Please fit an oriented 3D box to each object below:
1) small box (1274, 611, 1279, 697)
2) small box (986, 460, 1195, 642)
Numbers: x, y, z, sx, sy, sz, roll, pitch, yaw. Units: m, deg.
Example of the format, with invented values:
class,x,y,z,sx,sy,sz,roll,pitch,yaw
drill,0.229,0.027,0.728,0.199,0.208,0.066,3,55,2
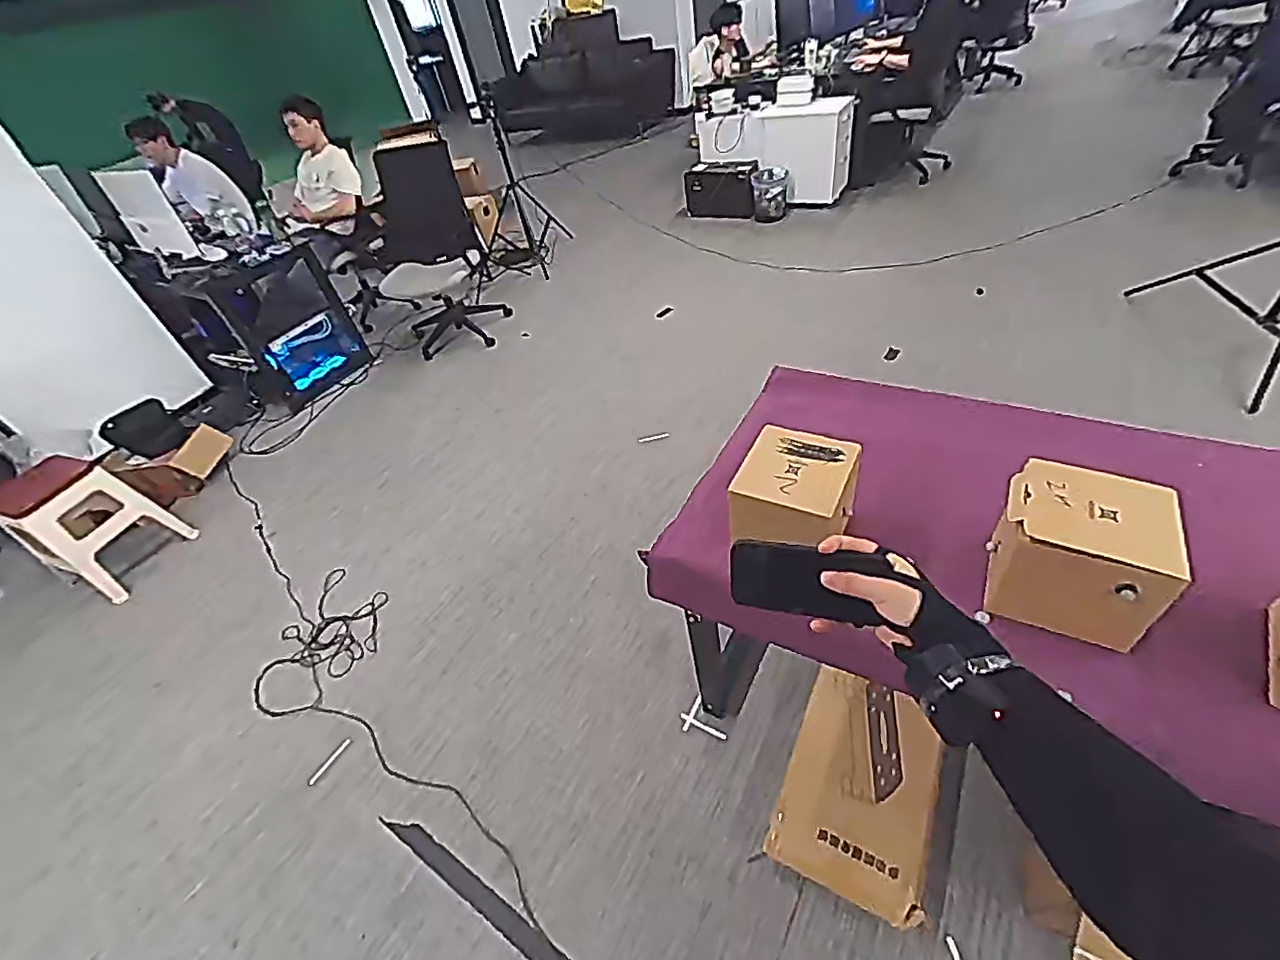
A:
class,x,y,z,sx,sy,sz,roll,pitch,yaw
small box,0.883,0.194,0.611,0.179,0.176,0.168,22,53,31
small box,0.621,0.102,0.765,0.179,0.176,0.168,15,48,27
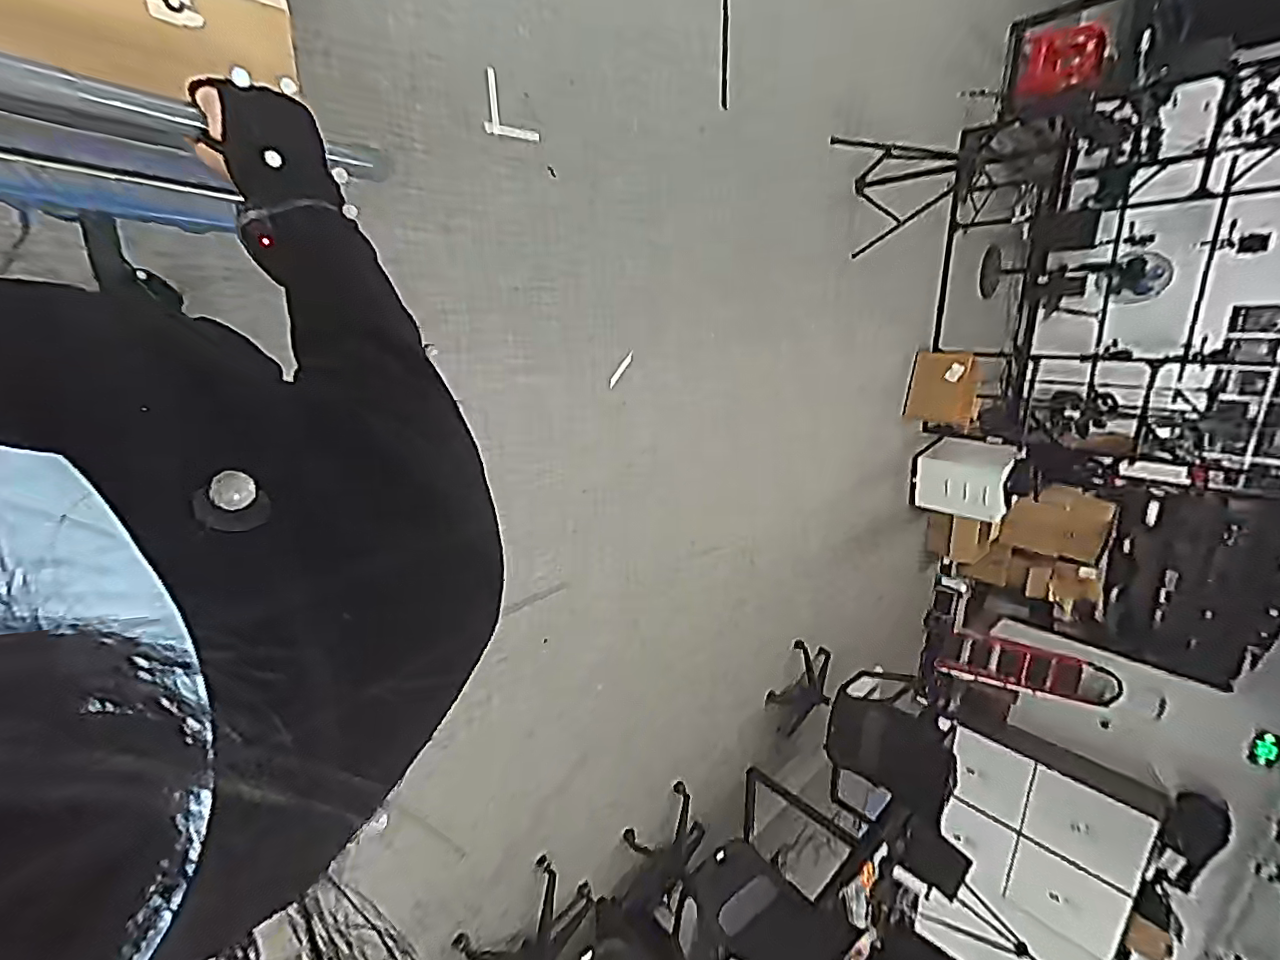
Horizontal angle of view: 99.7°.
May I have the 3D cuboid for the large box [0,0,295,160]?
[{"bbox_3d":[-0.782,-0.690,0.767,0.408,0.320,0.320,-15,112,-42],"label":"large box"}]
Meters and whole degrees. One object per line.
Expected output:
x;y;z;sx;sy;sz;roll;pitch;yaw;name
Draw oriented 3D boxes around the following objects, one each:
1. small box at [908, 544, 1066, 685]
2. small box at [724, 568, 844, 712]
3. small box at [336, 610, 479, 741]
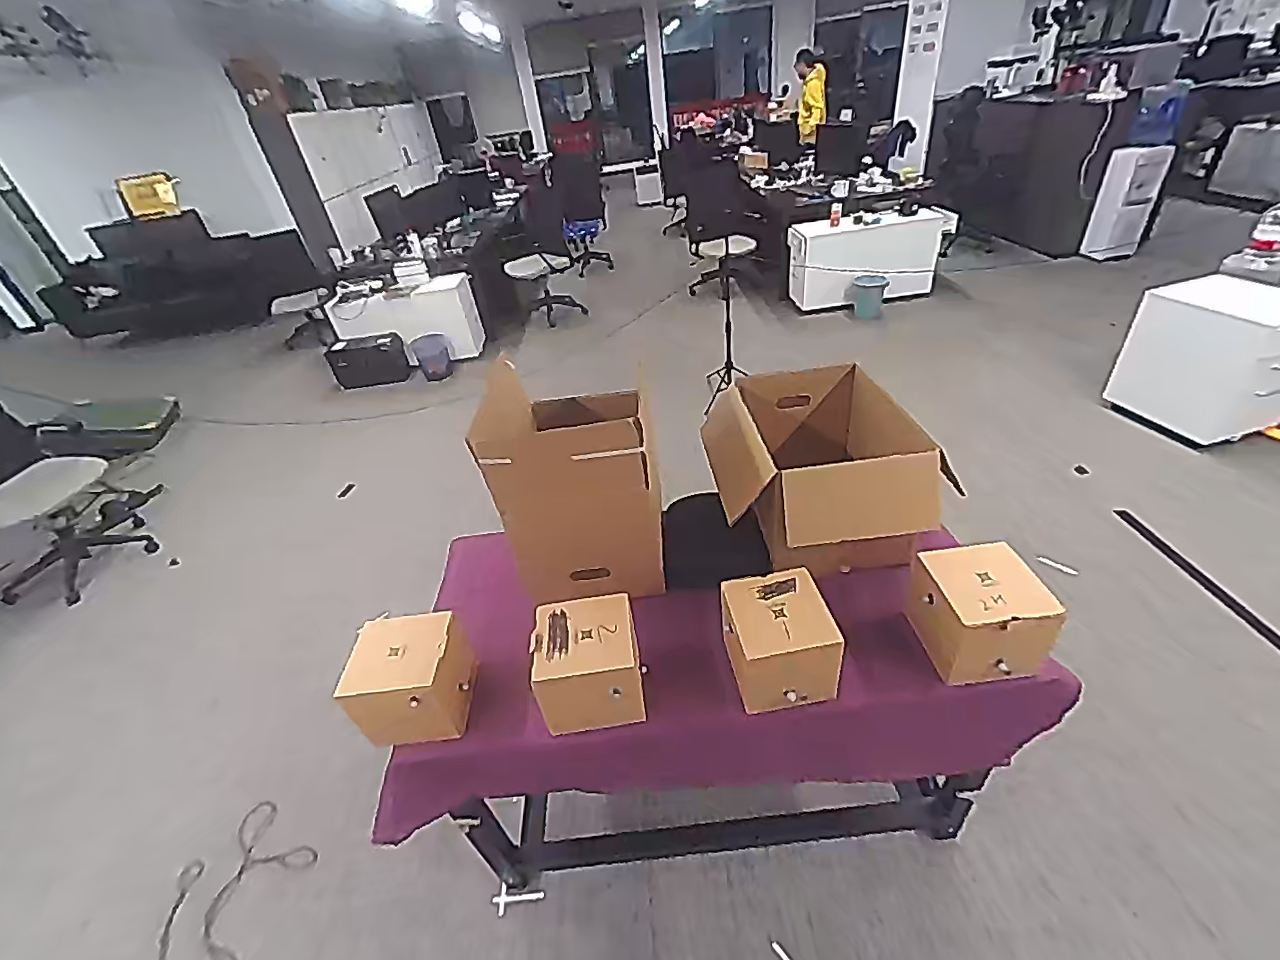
******************************
→ PROBLEM REQUIREMENTS
Only the lines from the one containing "Meters and whole" through the end of the listing above should be reproduced, exactly as they stand. Leave the pictures out.

→ RESULT OF THIS TASK
Meters and whole degrees. One object per line.
Expected output:
x;y;z;sx;sy;sz;roll;pitch;yaw;name
Draw oriented 3D boxes around the following objects, one each:
1. small box at [908, 544, 1066, 685]
2. small box at [724, 568, 844, 712]
3. small box at [336, 610, 479, 741]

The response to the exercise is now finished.